Michael Stettler, Schweitzer Chronic, 1631
First published in 1627, with an update re-issued as “Schweitzer Chronic” in 1631
What do you expect from a “Swiss chronicle”? Certainly a history of Switzerland. Actually, this book is something quite different. The author, Michael Stettler, was commissioned by the burghers of Bern to write a continuation of Bernese history. In 1624, when the commission was placed, there was only the chronicle of Valerius Anshelm available, and he had ended exactly with the year 1526, that is two years before the Bernese Reformation edict was decreed. The reformed burghers thus had every right to believe that their history had to written yet.
They chose Michael Stettler as their historian. In our eyes, that was a strange decision. “Without great talent,” is how the article in the “Historisches Lexikon der Schweiz” (“Historical Dictionary of Switzerland”) describes the man. The somewhat older encyclopedia “Allgemeine Deutsche Biographien” even calls him an “unimaginative rhymer with no creative power.” Well, genius would have been more of an obstacle to Stettler during his career. He stemmed from an old patrician dynasty and earned his living in the administration of the city of Bern. Eventually he even became a member of the Grand Council, followed by the position of bailiff of Oron and “Oberlehenskommissär” of the so-called “welsch lands”. But then this desk criminal fostered a strange interest in the past, and so he wrote a ten-volume history of his homeland in his spare time. He had this manuscript elaborately bound and handed it over to the Bernese Council.

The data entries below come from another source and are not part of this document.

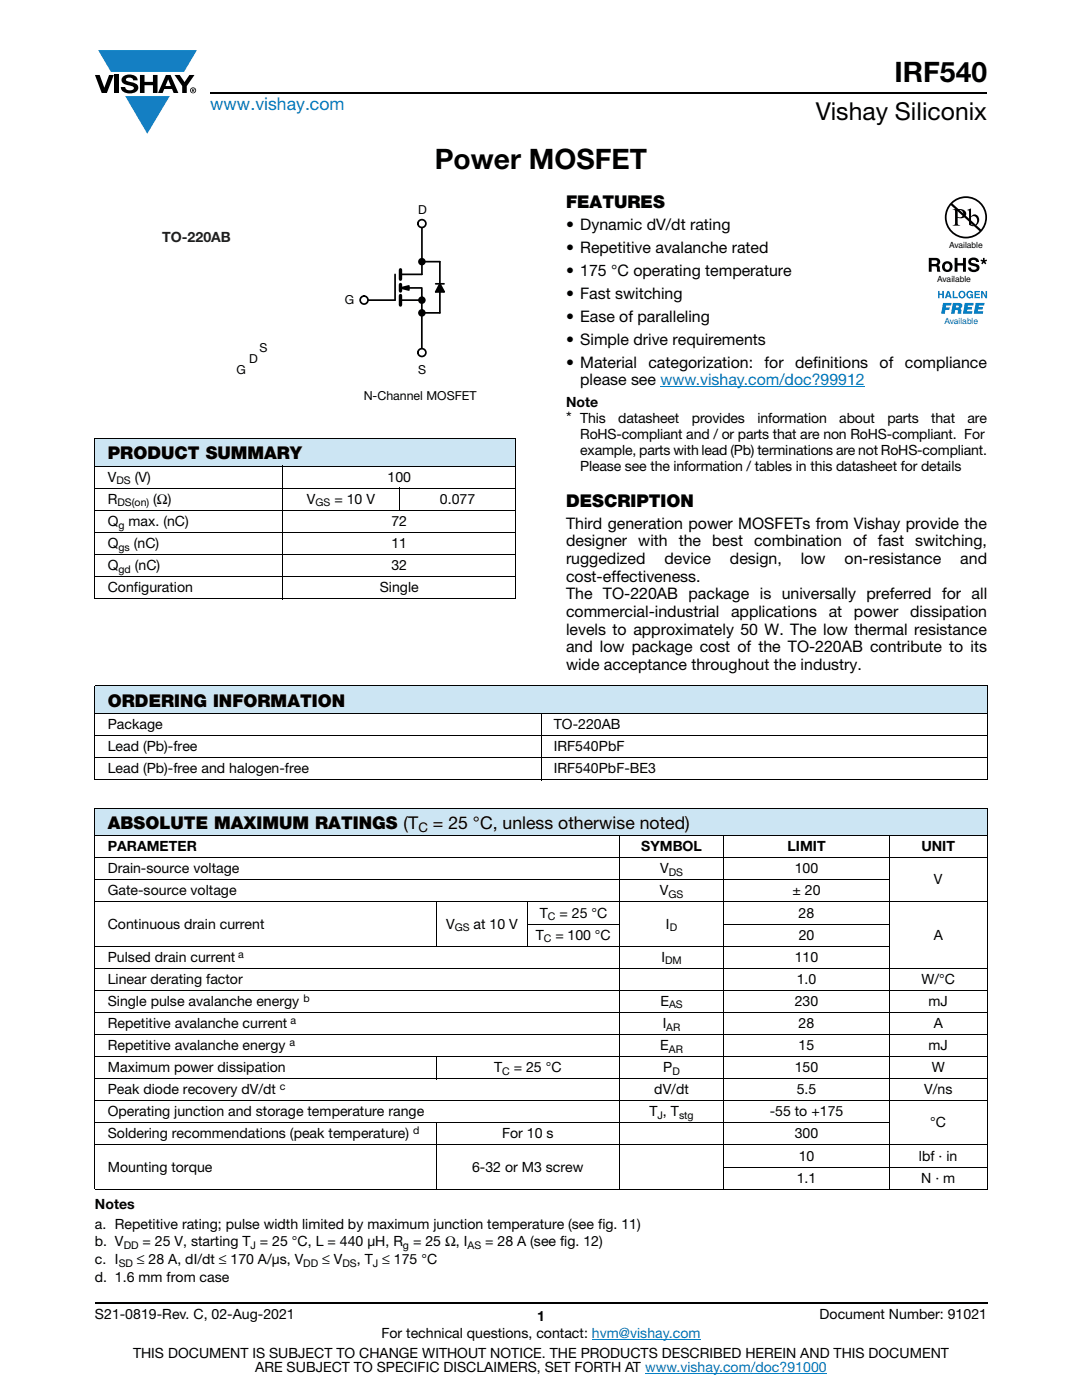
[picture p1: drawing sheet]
<svg xmlns="http://www.w3.org/2000/svg" width="216mm" height="279mm" viewBox="0 0 216 279" stroke-linecap="round" stroke-linejoin="round" font-family="sans-serif">
<defs><g id="words">
<g font-size="5.6">
<text x="178.5" y="16.4">IRF540</text>
<text x="86.7" y="33.8">Power MOSFET</text>
</g>
<text font-size="4.9" x="162.8" y="24">Vishay Siliconix</text>
<text font-size="3.5" fill="#007ec4" x="42" y="21.9">www.vishay.com</text>
<g font-size="3.5">
<text x="112.9" y="41.5">FEATURES</text>
<text x="21.5" y="91.5">PRODUCT SUMMARY</text>
<text x="112.9" y="101.1">DESCRIPTION</text>
<text x="21.5" y="141">ORDERING INFORMATION</text>
<text x="21.5" y="165.4">ABSOLUTE MAXIMUM RATINGS (T</text>
<text x="86.4" y="165.4">= 25 °C, unless otherwise noted)</text>
</g>
<g font-size="3.2">
<text x="112.9" y="45.9">• Dynamic dV/dt rating</text>
<text x="112.9" y="50.5">• Repetitive avalanche rated</text>
<text x="112.9" y="55">• 175 °C operating temperature</text>
<text x="112.9" y="59.6">• Fast switching</text>
<text x="112.9" y="64.2">• Ease of paralleling</text>
<text x="112.9" y="68.8">• Simple drive requirements</text>
<text x="112.9" y="73.4">• Material</text>
<text x="115.8" y="76.9">please see www.vishay.com/doc?99912</text>
<text x="129.4" y="73.4">categorization:</text>
<text x="152.6" y="73.4">for</text>
<text x="158.7" y="73.4">definitions</text>
<text x="175.5" y="73.4">of</text>
<text x="180.6" y="73.4">compliance</text>
<text x="112.9" y="84.4">*</text>
<text x="112.9" y="105.5">Third generation power MOSFETs from Vishay provide the</text>
<text x="112.9" y="109">designer with the best combination of fast switching,</text>
<text x="112.9" y="112.5">ruggedized</text>
<text x="132.6" y="112.5">device</text>
<text x="145.7" y="112.5">design,</text>
<text x="159.8" y="112.5">low</text>
<text x="168.5" y="112.5">on-resistance</text>
<text x="191.6" y="112.5">and</text>
<text x="112.9" y="116.1">cost-effectiveness.</text>
<text x="112.9" y="119.6">The TO-220AB package is universally preferred for all</text>
<text x="112.9" y="123.1">commercial-industrial</text>
<text x="145.9" y="123.1">applications</text>
<text x="165.4" y="123.1">at</text>
<text x="170.4" y="123.1">power</text>
<text x="181.6" y="123.1">dissipation</text>
<text x="112.9" y="130.2">and low package cost of the TO-220AB contribute to its</text>
<text x="112.9" y="126.7">levels to approximately 50 W. The low thermal resistance</text>
<text x="112.9" y="133.7">wide acceptance throughout the industry.</text>
</g>
<text font-size="2.8" fill="#211e1e" x="32.4" y="48.4">TO-220AB</text>
<g font-size="2.8">
<text x="112.9" y="81.3">Note</text>
<text x="115.8" y="84.4">This</text>
<text x="115.8" y="87.6">RoHS-compliant and / or parts that are non RoHS-compliant. For</text>
<text x="123.4" y="84.4">datasheet</text>
<text x="138" y="84.4">provides</text>
<text x="151.1" y="84.4">information</text>
<text x="167.5" y="84.4">about</text>
<text x="177.1" y="84.4">parts</text>
<text x="185.8" y="84.4">that</text>
<text x="193.1" y="84.4">are</text>
<text x="115.8" y="90.8">example, parts with lead (Pb) terminations are not RoHS-compliant.</text>
<text x="115.8" y="94">Please see the information / tables in this datasheet for details</text>
<text x="21.5" y="100.5">R</text>
<text x="21.5" y="96.1">V</text>
<text x="26.9" y="96.1">(V)</text>
<text x="30.6" y="100.5">(Ω)</text>
<text x="61.2" y="100.5">V</text>
<text x="66.7" y="100.5">= 10 V</text>
<text x="77.3" y="96.1">100</text>
<text x="87.8" y="100.5">0.077</text>
<text x="21.5" y="105">Q</text>
<text x="25.7" y="105">max. (nC)</text>
<text x="78.1" y="105">72</text>
<text x="21.5" y="109.4">Q</text>
<text x="21.5" y="113.8">Q</text>
<text x="26.7" y="109.4">(nC)</text>
<text x="26.9" y="113.8">(nC)</text>
<text x="78.1" y="113.8">32</text>
<text x="78.1" y="109.4">11</text>
<text x="21.5" y="118.2">Configuration</text>
<text x="75.8" y="118.2">Single</text>
<text x="21.5" y="145.5">Package</text>
<text x="21.5" y="149.9">Lead (Pb)-free</text>
<text x="110.5" y="149.9">IRF540PbF</text>
<text x="110.5" y="145.5">TO-220AB</text>
<text x="21.5" y="154.3">Lead (Pb)-free and halogen-free</text>
<text x="110.5" y="154.3">IRF540PbF-BE3</text>
<text x="21.5" y="169.9">PARAMETER</text>
<text x="128" y="169.9">SYMBOL</text>
<text x="157.1" y="169.9">LIMIT</text>
<text x="183.9" y="169.9">UNIT</text>
<text x="21.5" y="174.3">Drain-source voltage</text>
<text x="21.5" y="178.7">Gate-source voltage</text>
<text x="131.7" y="178.7">V</text>
<text x="131.7" y="174.3">V</text>
<text x="158.1" y="178.7">± 20</text>
<text x="158.6" y="174.3">100</text>
<text x="186.4" y="176.5">V</text>
<text x="21.5" y="185.3">Continuous drain current</text>
<text x="89" y="185.3">V</text>
<text x="94.5" y="185.3">at 10 V</text>
<text x="107.7" y="183.1">T</text>
<text x="111.7" y="183.1">= 25 °C</text>
<text x="132.9" y="185.3">I</text>
<text x="159.4" y="183.1">28</text>
<text x="21.5" y="191.9">Pulsed drain current</text>
<text x="106.9" y="187.5">T</text>
<text x="110.8" y="187.5">= 100 °C</text>
<text x="132" y="191.9">I</text>
<text x="158.6" y="191.9">110</text>
<text x="159.4" y="187.5">20</text>
<text x="186.3" y="187.5">A</text>
<text x="21.5" y="196.3">Linear derating factor</text>
<text x="159" y="196.3">1.0</text>
<text x="183.8" y="196.3">W/°C</text>
<text x="21.5" y="200.7">Single pulse avalanche energy</text>
<text x="131.8" y="200.7">E</text>
<text x="158.6" y="200.7">230</text>
<text x="185.3" y="200.7">mJ</text>
<text x="21.5" y="205.2">Repetitive avalanche current</text>
<text x="21.5" y="209.6">Repetitive avalanche energy</text>
<text x="131.7" y="209.6">E</text>
<text x="132.2" y="205.2">I</text>
<text x="159.4" y="205.2">28</text>
<text x="159.4" y="209.6">15</text>
<text x="185.3" y="209.6">mJ</text>
<text x="186.3" y="205.2">A</text>
<text x="21.5" y="214">Maximum power dissipation</text>
<text x="98.6" y="214">T</text>
<text x="102.5" y="214">= 25 °C</text>
<text x="132.3" y="214">P</text>
<text x="158.6" y="214">150</text>
<text x="185.9" y="214">W</text>
<text x="21.5" y="218.4">Peak diode recovery dV/dt</text>
<text x="130.6" y="218.4">dV/dt</text>
<text x="159" y="218.4">5.5</text>
<text x="184.4" y="218.4">V/ns</text>
<text x="21.5" y="227.2">Soldering recommendations (peak temperature)</text>
<text x="21.5" y="222.8">Operating junction and storage temperature range</text>
<text x="100.2" y="227.2">For 10 s</text>
<text x="129.6" y="222.8">T , T</text>
<text x="153.6" y="222.8">-55 to +175</text>
<text x="158.6" y="227.2">300</text>
<text x="185.6" y="225">°C</text>
<text x="21.5" y="233.8">Mounting torque</text>
<text x="94.2" y="233.8">6-32 or M3 screw</text>
<text x="159.4" y="231.6">10</text>
<text x="183.4" y="231.6">lbf · in</text>
<text x="159" y="236">1.1</text>
<text x="183.8" y="236">N · m</text>
<text x="18.9" y="241.3">Notes</text>
<text x="18.9" y="245.2">a. Repetitive rating; pulse width limited by maximum junction temperature (see fig. 11)</text>
<text x="18.9" y="248.7">b. V</text>
<text x="28.4" y="248.7">= 25 V, starting T = 25 °C, L = 440 μH, R</text>
<text x="82.4" y="248.7">= 25 Ω, I</text>
<text x="96.8" y="248.7">= 28 A (see fig. 12)</text>
<text x="18.9" y="255.8">d. 1.6 mm from case</text>
<text x="18.9" y="252.3">c. I</text>
<text x="27.3" y="252.3">≤ 28 A, dI/dt ≤ 170 A/μs, V</text>
<text x="64.3" y="252.3">≤ V</text>
<text x="71.2" y="252.3">, T ≤ 175 °C</text>
<text x="18.9" y="263.3">S21-0819-Rev. C, 02-Aug-2021</text>
<text x="107.2" y="263.6">1</text>
<text x="163.6" y="263.3">Document Number: 91021</text>
<text x="76.1" y="267.1">For technical questions, contact: hvm@vishay.com</text>
<text x="26.5" y="271">THIS DOCUMENT IS SUBJECT TO CHANGE WITHOUT NOTICE. THE PRODUCTS DESCRIBED HEREIN AND THIS DOCUMENT</text>
<text x="50.9" y="273.8">ARE SUBJECT TO SPECIFIC DISCLAIMERS, SET FORTH AT www.vishay.com/doc?91000</text>
</g>
<text font-size="2.6" x="83.5" y="166">C</text>
<g font-size="2.5">
<text x="83.4" y="42.8">D</text>
<text x="68.8" y="60.7">G</text>
<text x="51.8" y="70.2">S</text>
<text x="47.2" y="74.7">G</text>
<text x="49.7" y="72.5">D</text>
<text x="83.4" y="74.6">S</text>
<text x="72.6" y="79.8">N-Channel MOSFET</text>
</g>
<g font-size="2.1">
<text x="23.2" y="96.6">DS</text>
<text x="23.4" y="101">DS(on)</text>
<text x="62.9" y="101">GS</text>
<text x="23.6" y="105.5">g</text>
<text x="23.6" y="109.9">gs</text>
<text x="23.6" y="114.3">gd</text>
<text x="133.4" y="179.2">GS</text>
<text x="133.4" y="174.8">DS</text>
<text x="90.7" y="185.8">GS</text>
<text x="109.3" y="183.6">C</text>
<text x="133.6" y="185.8">D</text>
<text x="47.5" y="191.1">a</text>
<text x="108.5" y="188">C</text>
<text x="132.7" y="192.4">DM</text>
<text x="60.5" y="199.9">b</text>
<text x="133.5" y="201.3">AS</text>
<text x="57.8" y="208.7">a</text>
<text x="57.9" y="204.3">a</text>
<text x="132.9" y="205.7">AR</text>
<text x="100.2" y="214.5">C</text>
<text x="133.5" y="210.1">AR</text>
<text x="134.2" y="214.5">D</text>
<text x="55.8" y="217.6">c</text>
<text x="82.4" y="226.4">d</text>
<text x="131.2" y="223.3">J</text>
<text x="135.5" y="223.3">stg</text>
<text x="24.7" y="249.2">DD</text>
<text x="50" y="249.2">J</text>
<text x="80.4" y="249.2">g</text>
<text x="93.3" y="249.2">AS</text>
<text x="23.7" y="252.8">SD</text>
<text x="60.5" y="252.8">DD</text>
<text x="68.3" y="252.8">DS</text>
<text x="74.4" y="252.8">J</text>
</g>
<g font-size="1.7">
<text x="189.4" y="49.6">Available</text>
<text x="187" y="56.2">Available</text>
</g>
<text font-size="1.7" fill="#0160ae" x="188.5" y="64.6">Available</text>
</g></defs>
<g fill="#147fc3">
<path d="M19.6 10h19.7l-2.6 4.3h-1.1h-13.5z"/>
<path d="M25 19.2h8.9l-4.5 7.5z"/>
</g>
<g fill="#000">
<path d="M18.9 15h1l.9 2.5 1-2.5h.9l-1.4 3.6h-1zM22.9 15h.9v3.6h-.9zM24.6 15.3a2.1 2.1 0 0 1 2.8 .3l.1 .4h-.9a.79 .79 0 0 0-.7-.5 .79 .79 0 0 0-.8 .4l.3 .3 1 .2a1.08 1.08 0 0 1 1.2 1 1.08 1.08 0 0 1-1.1 1.2 1.73 1.73 0 0 1-2.4-1.2h.9a.96 .96 0 0 0 .8 .6 .96 .96 0 0 0 .9-.4 1.31 1.31 0 0 0-1.2-.6 1.03 1.03 0 0 1-1.1-.6 1.03 1.03 0 0 1 .2-1.1zM27.9 15h.9v1.3h1.7v-1.3h.9v3.6h-.9v-1.6h-1.7v1.6h-.9zM34.8 15h1.1l.9 1.4 1-1.4h1l-1.5 2.2v1.4h-.9v-1.4z"/>
<path d="M33.6 15.9l.5 1.3h-1.1zM33.1 15l-1.6 3.6h1l.3-.8h1.5l.3 .8h1l-1.6-3.6z"/>
<path d="M38.4 17.8h.2v.2h-.2zM38.3 17.7v.7h.1v-.3l.4 .3-.2-.3 .2-.2-.1-.2z"/>
<path d="M38.1 18a.46 .46 0 0 1 .9 0 .46 .46 0 0 1-.9 0zM37.9 18a.6 .6 0 0 0 1.2 0 .6 .6 0 0 0-1.2 0z"/>
</g>
<path d="M42 18.6h155M18.9 260h178.1" fill="none" stroke="#000" stroke-width=".36"/>
<path d="M131.8 77.2h40.8M118.1 267.3h21.7M128.7 274h36.3" fill="none" stroke="#007ec4" stroke-width=".2"/>
<path d="M18.9 87.5h84.1v5.5h-84.1z" fill="#cce5f3"/>
<g fill="none" stroke="#000" stroke-width=".2">
<path d="M18.9 87.5h84.1M18.9 93h84.1M18.9 97.4h84.1M18.9 87.6v27.4M56.4 92.9v26.7M79.7 97.3v4.6M103 87.6v27.4M18.9 101.8h84.1M18.9 106.3h84.1M18.9 110.7h84.1M18.9 115.1h84.1M18.9 119.5h84.1"/>
<path d="M18.9 115.2v4.2M103 115.2v4.2"/>
</g>
<path d="M78.8 54.8v5.1h-5.6M79.9 59.9h4.3M80.1 57.5l1.5 .4v-.8l-1.6 .4h4.2v12.1M84.2 52.2h3.6M84.2 45.4v9.4h-4.3M84.2 62.4h3.6" fill="none" stroke="#000" stroke-width=".34"/>
<path d="M79.9 53.8v1.9M79.9 56.8v1.3M79.9 59v1.9" fill="none" stroke="#000" stroke-width=".68"/>
<path d="M79.9 57.5l1.7-.4v.8z" fill="#000"/>
<circle cx="72.6" cy="59.9" r=".79" fill="#fff"/>
<g fill="none" stroke="#000" stroke-width=".34">
<path d="M86.9 56.6h1.7M87.8 56.6l.9 1.7h-1.7l.8-1.7M87.8 52.2v10.2"/>
<circle cx="72.6" cy="59.9" r=".79"/>
</g>
<path d="M87.8 56.6l.9 1.7h-1.7z" fill="#000"/>
<circle cx="84.2" cy="44.6" r=".79" fill="#fff"/>
<circle cx="84.2" cy="44.6" r=".79" fill="none" stroke="#000" stroke-width=".34"/>
<circle cx="84.2" cy="70.4" r=".79" fill="#fff"/>
<g fill="none" stroke="#000" stroke-width=".34">
<circle cx="84.2" cy="59.9" r=".58"/>
<circle cx="84.2" cy="52.2" r=".58"/>
<circle cx="84.2" cy="70.4" r=".79"/>
<circle cx="84.2" cy="62.4" r=".58"/>
</g>
<g fill="#000">
<circle cx="84.2" cy="59.9" r=".58"/>
<circle cx="84.2" cy="52.2" r=".58"/>
<circle cx="84.2" cy="62.4" r=".58"/>
</g>
<g fill="#0160ae">
<path d="M187.2 58.1h.3v.5h.5v-.5h.3v1.4h-.3v-.6h-.5v.6h-.3z"/>
<path d="M190.1 58.1h.3v1.2h.7v.2h-1z"/>
<path d="M193 58.3a.68 .68 0 0 1 1.2 .2l-.9-.2a.55 .55 0 0 0-.2 .6 .55 .55 0 0 0 .4 .4l.4-.3h-.3v-.3h.6v.8h-.2l-.1-.2a.71 .71 0 0 1-1 0 .71 .71 0 0 1 .1-1z"/>
<path d="M194.5 58.1h1v.2h-.8v.3h.8v.3h-.8v.4h.8v.2h-1z"/>
<path d="M195.8 58.1h.3l.6 1v-1h.3v1.4h-.3l-.6-1v1h-.3z"/>
<path d="M188.2 60.5h1.7l-.1 .5h-1l-.1 .4h.8l-.1 .5h-.8l-.1 .7h-.7z"/>
<path d="M192.5 60.5h1.8l-.1 .5h-1.1v.3h.9l-.1 .5h-.9l-.1 .3h1.1l-.1 .5h-1.8z"/>
<path d="M194.7 60.5h1.7v.5h-1.1v.3h.8v.5h-.9l-.1 .3h1.1l-.1 .5h-1.8z"/>
<path d="M189.2 58.4l-.2 .6h.4zM189 58.1h.4l.5 1.4h-.3l-.1-.3h-.6l-.1 .3h-.3z"/>
<path d="M191.5 58.8a.47 .47 0 0 0 .9 0 .47 .47 0 0 0-.9 0zM191.2 58.8a.75 .75 0 0 1 1.5 0 .75 .75 0 0 1-1.5 0z"/>
<path d="M190.8 61l-.1 .4 .6-.1-.1-.3zM190.1 60.5l1.8 .1a.63 .63 0 0 1-.3 1l.2 .3v.7h-.7v-.6l-.3-.1h-.2l-.1 .7h-.7z"/>
</g>
<g fill="#000">
<path d="M190.5 51.5h.6v1h1.1v-1h.5v2.7h-.5v-1.2h-1.1v1.2h-.6zM193.5 51.6a1.15 1.15 0 0 1 1.9 .7h-.6v-.2a.68 .68 0 0 0-1-.1v.4l.2 .1a1.29 1.29 0 0 1 1.4 .9 1.17 1.17 0 0 1-1.1 .9 1.17 1.17 0 0 1-1.1-.9h.5l.1 .2a.67 .67 0 0 0 1.1-.1l-.3-.3-.5-.1a.81 .81 0 0 1-.9-.5 .81 .81 0 0 1 .3-1zM195.7 51.8l.4 .1v-.4h.4v.4l.4-.1 .1 .3-.5 .1 .3 .4-.2 .2-.3-.4-.3 .4-.2-.2 .3-.4-.4-.1z"/>
<path d="M185.9 51.9v.8l.9-.1a.38 .38 0 0 0 .1-.6zM185.3 51.5h1.4a.78 .78 0 0 1 .8 .4 .78 .78 0 0 1-.1 .9l-.2 .1a.97 .97 0 0 1 .4 1.2l.1 .1h-.7l-.2-1h-.9v1h-.6z"/>
<path d="M188.8 52.6a.63 .63 0 0 0-.3 .8 .63 .63 0 0 0 .8 .4 .63 .63 0 0 0 .2-.8 .63 .63 0 0 0-.7-.4zM187.9 53.2a1.1 1.1 0 0 1 2.2 0 1.1 1.1 0 0 1-2.2 0z"/>
<path d="M190 40.6a3.9 3.9 0 0 1 5.3-.1 3.9 3.9 0 0 1 .4 5.3zM189.7 41l5.8 5.1a3.9 3.9 0 0 1-5.4 .1 3.9 3.9 0 0 1-.4-5.2zM188.5 43.4a4.2 4.2 0 0 0 8.5 0 4.2 4.2 0 0 0-8.5 0z"/>
<path d="M191.1 42v1.3a.75 .75 0 0 0 1.1-.7 .75 .75 0 0 0-1.1-.6zM190.1 41.7a2.81 2.81 0 0 1 2.5 .4 .97 .97 0 0 1-.1 1.2 .97 .97 0 0 1-1.2 .2h-.2v1v.3l.5 .2h-1.5l.3-.1 .2-.4v-2.3l-.1-.2z"/>
<path d="M193.8 43.4v1.3l.1 .2a.72 .72 0 0 0 .8-.1 .72 .72 0 0 0 .3-.8 .72 .72 0 0 0-.4-.8 .72 .72 0 0 0-.8 .2zM193 41.9l.8-.3v1.6a.89 .89 0 0 1 1.1-.4 .89 .89 0 0 1 .5 1.1 1.23 1.23 0 0 1-.7 1.1 1.23 1.23 0 0 1-1.3-.1l-.1-2.7z"/>
</g>
<g fill="#cce5f3">
<path d="M18.9 136.9h178.1v5.5h-178.1z"/>
<path d="M18.9 161.3h178.1v5.5h-178.1z"/>
</g>
<g fill="none" stroke="#000" stroke-width=".2">
<path d="M18.9 136.9h178.1M18.9 137v5.3M197 137v9.7M18.9 142.4h89M18.9 146.8h178.1M18.9 151.2h178.1M18.9 155.6h178.1M18.9 142.5v13M107.9 142.3v13.4M108 142.4h89M197 146.9v8.6M18.9 161.3h178.1"/>
<path d="M18.9 166.8h178.1M18.9 171.2h178.1M18.9 175.6h158.7M18.9 161.4v75.8M87 179.9v9M105.3 179.9v9M123.6 166.7v70.7M144.4 166.7v70.7M177.5 166.7v70.7M197 161.4v75.8M18.9 180h178.1M18.9 188.8h158.7"/>
<path d="M18.9 193.2h178.1M18.9 197.6h178.1M105.2 184.4h18.5M144.3 184.4h33.3M18.9 202h178.1M18.9 206.5h178.1M18.9 210.9h178.1M18.9 215.3h178.1M18.9 219.7h178.1M87 210.8v4.6M18.9 224.1h158.7M18.9 228.5h178.1"/>
<path d="M18.9 237.3h178.1M87 224v13.4M144.3 232.9h52.7"/>
</g>
<use href="#words"/>
</svg>

That’s why the Bernese burgher knew that they had a man in their midst who shared their convictions and ideals while working as an author at the same time. These were optimal conditions for commissioning a chronicle with no unpleasant surprises to fear! Historians are known for their tendency to judge events differently than a stern authority would like them to. In these regards, Michael Stettler posed no threat.
His world view corresponded to that of his contemporaries. And so his work is characterized by a profound faith in the Almighty God, who makes the fate of his own take a turn to the better. Without the protection of God (and the altruistic commitment of the pious Bernese burghers), the tiny Confederation would of course never have been able to evolve into the powerful community that successfully evaded the religious war raging – we are, after all, right in the 30 Years’ War. Based on his own convictions, Stettler celebrates the Bernese aristocracy as the ideal form of government, as the foundation of happiness of not just the city of Bern but the whole of Switzerland.
Today, we might tend to disagree. And that would be exactly what Stettler’s clients would not have wished. His contemporaries appreciated the work indeed.
While today’s generations of historians use Stettler only because of his superb source work, the Bernese burghers loved him precisely because of his way of seeing things that seems strange to us. Self-criticism is a more modern virtue anyway.